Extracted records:
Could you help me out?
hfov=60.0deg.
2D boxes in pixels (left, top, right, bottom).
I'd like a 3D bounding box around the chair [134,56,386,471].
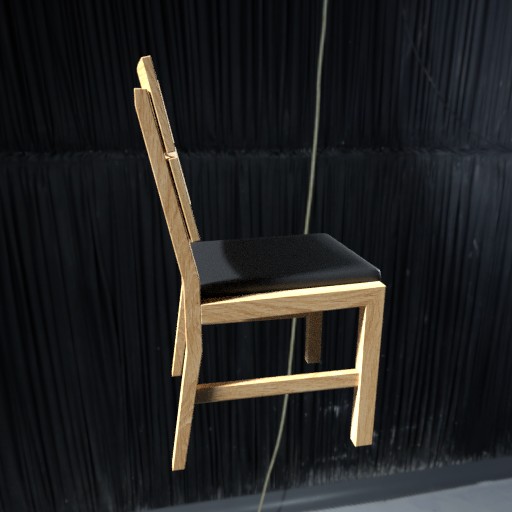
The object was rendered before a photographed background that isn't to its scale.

What to produce: Pictures are to be omitted. The lines from the line holding "2D boxes in" through the closing line of the data above are to be set down exactly, and nothing more.

Written answer:
2D boxes in pixels (left, top, right, bottom).
I'd like a 3D bounding box around the chair [134,56,386,471].
The object was rendered before a photographed background that isn't to its scale.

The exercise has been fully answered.